A revisionist historian living in Australia has been sentenced to three months in prison for refusing to remove Holocaust denial material and other antisemitic vitriol from his website.
Fredrick Toben, the director of the notorious Adelaide Institute, was sentenced in the Federal Court of South Australia for breaching a 2002 court order to remove offensive material that denied the Holocaust, doubted the existence of gas chambers at Auschwitz and vilified Jews.
By finding Toben, 65, guilty on 24 of 28 counts of contempt, Justice Bruce Lander’s ruling brought to an end a bitter legal battle that began in 1996 when Jeremy Jones, a former president of the Executive Council of Australian Jewry, claimed that Toben’s race-hate material breached the Racial Discrimination Act.

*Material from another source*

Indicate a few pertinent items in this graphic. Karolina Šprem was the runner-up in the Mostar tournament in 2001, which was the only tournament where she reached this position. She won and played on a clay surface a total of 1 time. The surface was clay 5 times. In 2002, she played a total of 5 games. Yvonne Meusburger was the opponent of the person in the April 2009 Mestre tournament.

The 2002 Federal Court order upheld that view. But Toben refused to comply and in 2006 Mr Jones returned to the courts. He said it was the first time that a Holocaust denier had been jailed in Australia for breaching the Racial Discrimination Act.
Mr Jones said: “The importance of this is that it lets people know we are serious; that this is not a game or some sort of intellectual exercise.”
In his landmark ruling, Mr Justice Lander said: “I do not accept that he is contrite for what he has done. He always knew that his conduct would undermine the authority of the court and his conduct was calculated to achieve that effect.”
But he agreed to stay the imprisonment for 14 days while an appeal was lodged. It is due to be heard on Wednesday. If, as expected, the appeal is rejected, Toben is likely to spend his first night in jail this week.
The German-born retired teacher spent almost two months in Wandsworth Prison late last year while German prosecutors tried unsuccessfully to extradite him on a European Union warrant.
And in 1999, he spent seven months in prison in Germany, where Holocaust denial is a criminal offence.